Starting from the detailed balance (sufficient but not necessary condition for the existence of a (unique?) stationary state), \(P(s'|s) p(s) = P(s|s') p(s')\),

\[\frac{P(s'|s)}{P(s|s')} = \frac{p(s')}{p(s)} \ ,\]

each transition is splitted in two sub-steps: proposal and acceptance-rejection steps. Transition is written as \(P(s'|s) = g(s'|s) A(s',s)\) being \(g(s'|s)\) the proposal conditional probability, and \(A(s',s)\) the acceptance probability. Acceptance probability is choosen in a way to satisfy the conditions of time-reversal and ergodicity. Metropolis choice reads

\[A(s', s) = \min \left( 1, \frac{p(s')}{p(s)} \frac{g(s|s')}{g(s'|s)} \right) \ .\]

todo check if Metropolis choice fulfills the necessary conditions.

Example: Boltmann distribution with uniform proposal. Let a system have Boltzmann stationary distribution, \(p(s) \propto \exp\left( - \beta E(s) \right)\), and uniform proposal conditional probability \(g(s'|s) = \frac{1}{N}\), with \(N\) the number of accessible states from the state \(s\).

Example 10.1 (Ising model on a 2D lattice with 1 flip per update)

As an example, for an Ising model on a 2D lattice with dimension \(m \times n\) with proposal update with \(1\) flip \(N = mn\).

Example 10.2 (Ising model on a 2D lattice with \(k\) flips per update)

todo Is a probability built with independent successive flips ok? Target states at each flip have the same probability, s.t. the probability of reaching steps \(s_k\) after \(k\) flips starting from \(s_0\) is not uniform.

Let \(g(s|s') = g(s'|s)\). The acceptance probability of the transition between different states \(s' \ne s\) reads

\[A(s',s) = \min \left( 1, e^{ -\beta ( E(s') - E(s) ) } \right) \ ,\]

and the corresponding element of transition matrix is

\[P(s'|s) = \frac{1}{N} \min \left( 1, e^{ -\beta ( E(s') - E(s) ) } \right) \ .\]

The diagonal elements of the probability transition matrix - representing no state transition - are evaluated as the probability that makes \(\sum_{s'} P(s'|s) = P(s|s) + \sum_{s' \in T(s)} P(s'|s) = 1\), i.e.

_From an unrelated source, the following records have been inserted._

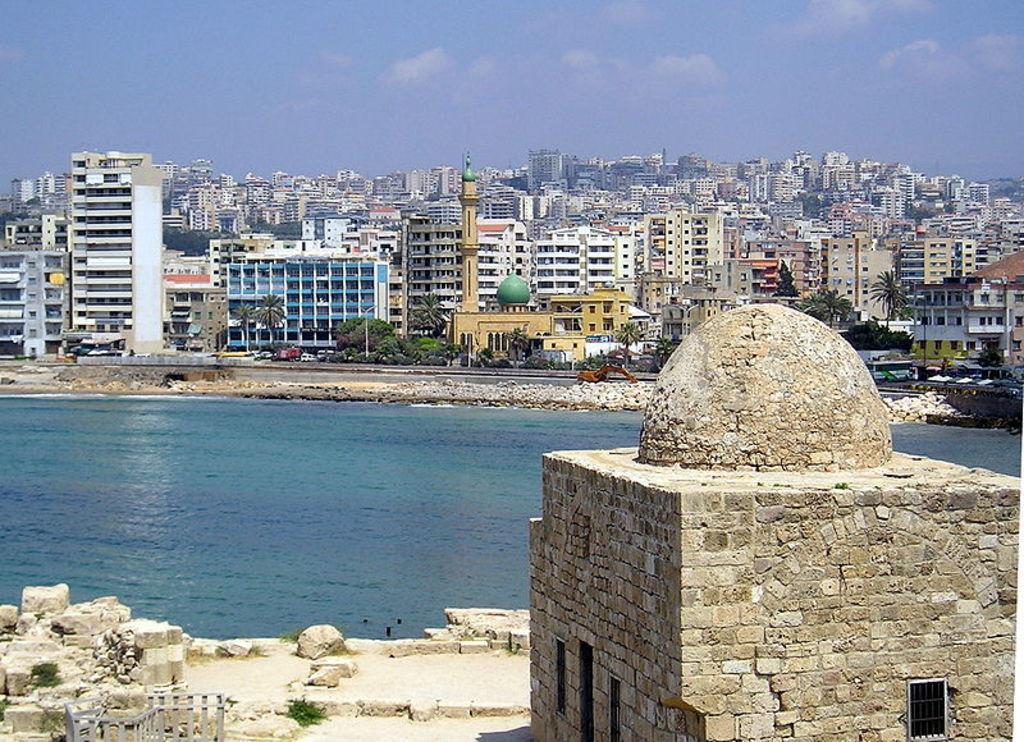Please provide a concise description of this image. In image in the center there is water. In the front there are stones on the ground and there is a house. In the background there are buildings and the sky is cloudy. 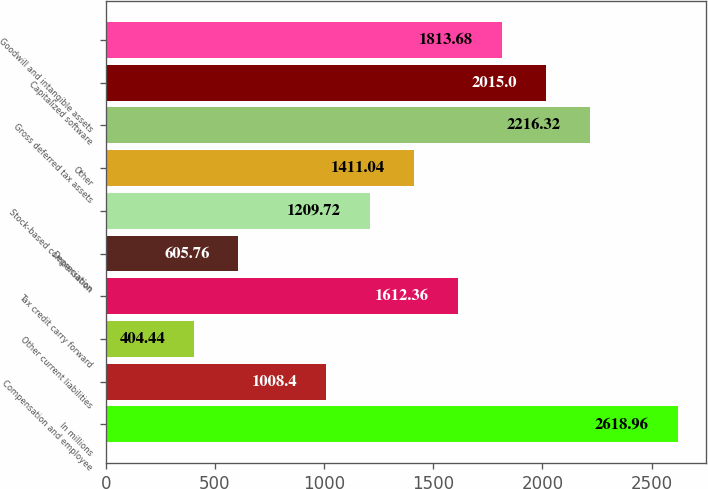Convert chart to OTSL. <chart><loc_0><loc_0><loc_500><loc_500><bar_chart><fcel>In millions<fcel>Compensation and employee<fcel>Other current liabilities<fcel>Tax credit carry forward<fcel>Depreciation<fcel>Stock-based compensation<fcel>Other<fcel>Gross deferred tax assets<fcel>Capitalized software<fcel>Goodwill and intangible assets<nl><fcel>2618.96<fcel>1008.4<fcel>404.44<fcel>1612.36<fcel>605.76<fcel>1209.72<fcel>1411.04<fcel>2216.32<fcel>2015<fcel>1813.68<nl></chart> 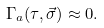Convert formula to latex. <formula><loc_0><loc_0><loc_500><loc_500>\Gamma _ { a } ( \tau , \vec { \sigma } ) \approx 0 .</formula>

\[\begin{split}P(s|s) = \frac{1}{N} \sum_{\begin{aligned} s' & \in T(s) \\ E(s') & > E(s) \end{aligned}} \left( 1 - e^{-\beta (E(s') - E(s))} \right) \ .\end{split}\]
\(P(s|s)\)
\[\begin{split}\begin{aligned} P(s|s) & = 1 - \sum_{s' \in T(s)} P(s'|s) = \\ & = 1 - \sum_{s' \in T(s)} \frac{1}{N} \min \left( 1, e^{-\beta (E(s') - E(s))} \right) = \\ & = \frac{1}{N} \sum_{s' \in T(s)} \left[ 1 - \min \left( 1, e^{-\beta (E(s') - E(s))} \right) \right] = \\ & = \frac{1}{N} \sum_{s' \in T(s)} \max \left( 0, 1 - e^{-\beta (E(s') - E(s))} \right) = \\ & = \frac{1}{N} \sum_{\begin{aligned} s' & \in T(s) \\ E(s') & > E(s) \end{aligned}} \left( 1 - e^{-\beta (E(s') - E(s))} \right) \ . \end{aligned}\end{split}\]

It’s easy to prove that this probability functions are related by the detailed balance equations,

\[\frac{P(s'|s)}{P(s|s')} = \frac{\min \left( 1, e^{ -\beta ( E(s') - E(s) ) } \right) }{\min \left( 1, e^{ -\beta ( E(s) - E(s') ) } \right) } = e^{ -\beta ( E(s') - E(s) ) } = \frac{e^{-\beta E(s')}}{e^{-\beta E(s)}} = \frac{p(s')}{p(s)} \ .\]